╭─ INPUT FOR THIS TASK
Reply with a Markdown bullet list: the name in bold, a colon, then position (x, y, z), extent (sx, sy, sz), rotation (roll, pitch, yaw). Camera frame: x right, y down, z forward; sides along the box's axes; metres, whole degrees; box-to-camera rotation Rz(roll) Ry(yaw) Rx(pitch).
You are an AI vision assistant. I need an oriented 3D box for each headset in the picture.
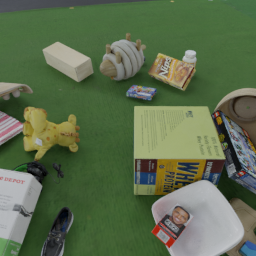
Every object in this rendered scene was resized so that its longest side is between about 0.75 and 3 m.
- **headset**: position (-3.060, 1.538, 9.038), extent (2.040, 0.959, 1.260), rotation (-5, 42, 11)

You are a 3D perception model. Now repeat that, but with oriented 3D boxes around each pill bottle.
- **pill bottle**: position (3.091, -3.264, 14.214), extent (0.693, 1.229, 0.693), rotation (0, 42, 0)

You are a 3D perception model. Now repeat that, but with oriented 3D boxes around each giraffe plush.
- **giraffe plush**: position (-2.707, 0.163, 10.267), extent (1.721, 1.831, 2.122), rotation (-4, 27, -37)

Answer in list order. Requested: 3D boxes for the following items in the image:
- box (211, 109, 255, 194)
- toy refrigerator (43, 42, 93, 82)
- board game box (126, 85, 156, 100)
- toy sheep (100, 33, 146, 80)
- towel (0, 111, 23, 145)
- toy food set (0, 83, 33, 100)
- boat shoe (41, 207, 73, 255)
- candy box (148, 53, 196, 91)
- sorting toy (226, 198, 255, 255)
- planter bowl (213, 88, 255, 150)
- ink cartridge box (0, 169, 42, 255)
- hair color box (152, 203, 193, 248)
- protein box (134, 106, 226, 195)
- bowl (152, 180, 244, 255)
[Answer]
- **box**: position (3.719, 0.787, 9.345), extent (1.820, 0.530, 2.659), rotation (31, 36, -29)
- **toy refrigerator**: position (-3.154, -3.473, 14.688), extent (2.783, 0.974, 1.056), rotation (32, 58, 32)
- **board game box**: position (0.626, -1.658, 13.033), extent (1.198, 0.206, 0.811), rotation (13, 38, 21)
- **toy sheep**: position (-0.162, -3.449, 13.861), extent (2.970, 2.048, 2.048), rotation (-33, 51, -23)
- **towel**: position (-5.765, 0.013, 11.212), extent (2.825, 0.423, 2.067), rotation (25, 45, 25)
- **toy food set**: position (-5.835, -1.159, 11.956), extent (2.087, 0.878, 2.908), rotation (12, 33, 42)
- **boat shoe**: position (-1.951, 2.947, 7.757), extent (0.586, 0.555, 1.676), rotation (10, 43, 11)
- **candy box**: position (2.126, -2.763, 13.726), extent (2.018, 0.558, 1.165), rotation (30, 90, 28)
- **sorting toy**: position (3.643, 2.795, 8.087), extent (2.532, 0.339, 1.887), rotation (-32, 51, -31)
- **planter bowl**: position (4.409, -0.477, 10.375), extent (2.399, 2.399, 1.614), rotation (15, 36, 16)
- **ink cartridge box**: position (-3.557, 2.338, 7.698), extent (1.623, 0.937, 2.222), rotation (9, 60, 9)
- **hair color box**: position (1.231, 2.605, 7.591), extent (0.622, 0.375, 1.226), rotation (38, 31, 19)
- **protein box**: position (1.489, 0.700, 9.357), extent (2.582, 1.742, 2.563), rotation (0, 41, 1)
- **bowl**: position (1.882, 2.655, 7.699), extent (2.027, 0.758, 2.030), rotation (-25, 44, -3)
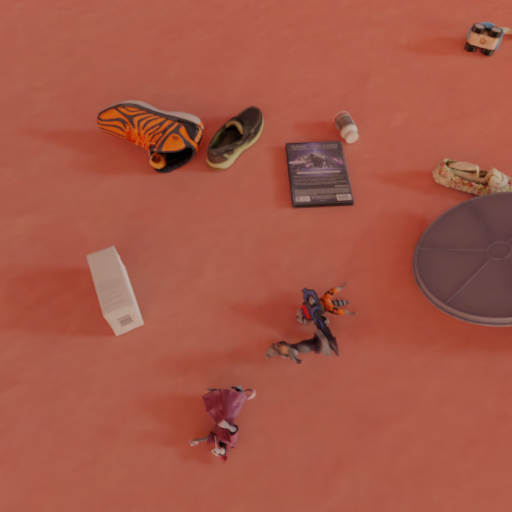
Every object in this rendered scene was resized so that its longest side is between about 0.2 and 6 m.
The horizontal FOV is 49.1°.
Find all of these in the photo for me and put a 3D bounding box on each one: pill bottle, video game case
[{"bbox_3d":[2.183,-3.096,13.533,0.422,0.422,0.761,-14,57,-9],"label":"pill bottle"},{"bbox_3d":[1.423,-1.896,12.865,1.365,0.181,1.910,-3,55,-2],"label":"video game case"}]

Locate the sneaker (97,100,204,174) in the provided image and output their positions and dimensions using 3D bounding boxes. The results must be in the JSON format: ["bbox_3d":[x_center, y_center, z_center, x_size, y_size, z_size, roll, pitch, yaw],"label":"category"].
[{"bbox_3d":[-2.552,-2.733,12.947,2.551,0.990,1.429,6,55,4],"label":"sneaker"}]

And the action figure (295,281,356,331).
[{"bbox_3d":[1.308,1.118,10.697,1.128,0.610,1.166,-14,83,-2],"label":"action figure"}]

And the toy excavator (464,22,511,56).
[{"bbox_3d":[6.602,-6.164,15.551,1.376,0.707,1.416,19,49,11],"label":"toy excavator"}]

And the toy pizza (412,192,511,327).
[{"bbox_3d":[4.741,0.050,10.869,3.316,0.525,3.316,-17,44,16],"label":"toy pizza"}]

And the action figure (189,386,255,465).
[{"bbox_3d":[-0.540,2.862,9.465,0.833,0.926,1.244,-22,63,38],"label":"action figure"}]

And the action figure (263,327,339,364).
[{"bbox_3d":[0.764,1.657,9.990,1.326,0.863,0.460,-11,100,-4],"label":"action figure"}]

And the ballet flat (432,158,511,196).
[{"bbox_3d":[4.952,-1.713,12.463,1.975,0.631,0.747,12,56,8],"label":"ballet flat"}]

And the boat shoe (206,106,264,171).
[{"bbox_3d":[-0.448,-2.893,13.222,0.777,0.688,2.122,24,60,13],"label":"boat shoe"}]

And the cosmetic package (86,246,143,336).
[{"bbox_3d":[-2.701,0.648,10.706,0.600,0.835,1.479,-22,56,-9],"label":"cosmetic package"}]
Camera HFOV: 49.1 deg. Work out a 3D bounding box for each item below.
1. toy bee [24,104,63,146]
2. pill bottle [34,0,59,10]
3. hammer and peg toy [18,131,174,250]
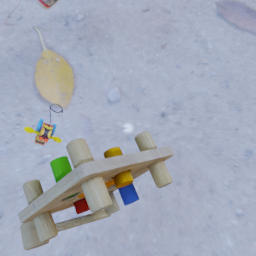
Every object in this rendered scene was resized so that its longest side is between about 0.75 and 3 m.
[{"bbox_3d":[-1.915,0.091,6.286,0.830,1.267,0.689,8,51,-4],"label":"toy bee"},{"bbox_3d":[-2.173,-4.527,8.532,1.676,1.002,1.002,-30,62,19],"label":"pill bottle"},{"bbox_3d":[-0.699,1.063,4.705,2.008,2.730,0.962,-6,64,-48],"label":"hammer and peg toy"}]
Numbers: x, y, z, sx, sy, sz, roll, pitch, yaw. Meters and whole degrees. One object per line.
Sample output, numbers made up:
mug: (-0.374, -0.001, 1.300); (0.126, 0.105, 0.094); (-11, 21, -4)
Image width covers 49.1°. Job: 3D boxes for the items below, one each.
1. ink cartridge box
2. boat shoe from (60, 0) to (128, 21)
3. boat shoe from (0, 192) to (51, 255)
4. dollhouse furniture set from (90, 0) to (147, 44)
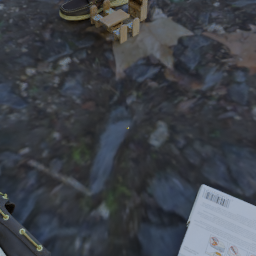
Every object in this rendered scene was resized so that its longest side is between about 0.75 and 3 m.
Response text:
ink cartridge box: (2.011, 2.163, 5.198); (1.898, 0.413, 1.647); (22, 58, 15)
boat shoe: (-1.129, -4.656, 9.826); (2.888, 0.936, 1.057); (-31, 60, -21)
boat shoe: (-2.448, 1.713, 5.271); (0.761, 0.901, 2.528); (-34, 63, -32)
dollhouse furniture set: (-0.178, -3.875, 9.173); (1.662, 1.082, 1.527); (-36, 61, -23)
╰─
## WHAT YOU HAVE TO DO
From the records above, extract the lines from the one holding "Camera HFOV: 49.1" through the one holding "Image width covers", word for word; omit the pictures.

## EXERCISE SOLUTION
Camera HFOV: 49.1 deg. Work out a 3D bounding box for each item below.
1. toy bee [24,104,63,146]
2. pill bottle [34,0,59,10]
3. hammer and peg toy [18,131,174,250]
Every object in this rendered scene was resized so that its longest side is between about 0.75 and 3 m.
[{"bbox_3d":[-1.915,0.091,6.286,0.830,1.267,0.689,8,51,-4],"label":"toy bee"},{"bbox_3d":[-2.173,-4.527,8.532,1.676,1.002,1.002,-30,62,19],"label":"pill bottle"},{"bbox_3d":[-0.699,1.063,4.705,2.008,2.730,0.962,-6,64,-48],"label":"hammer and peg toy"}]
Numbers: x, y, z, sx, sy, sz, roll, pitch, yaw. Meters and whole degrees. One object per line.
Sample output, numbers made up:
mug: (-0.374, -0.001, 1.300); (0.126, 0.105, 0.094); (-11, 21, -4)
Image width covers 49.1°. Job: 3D boxes for the items below, one each.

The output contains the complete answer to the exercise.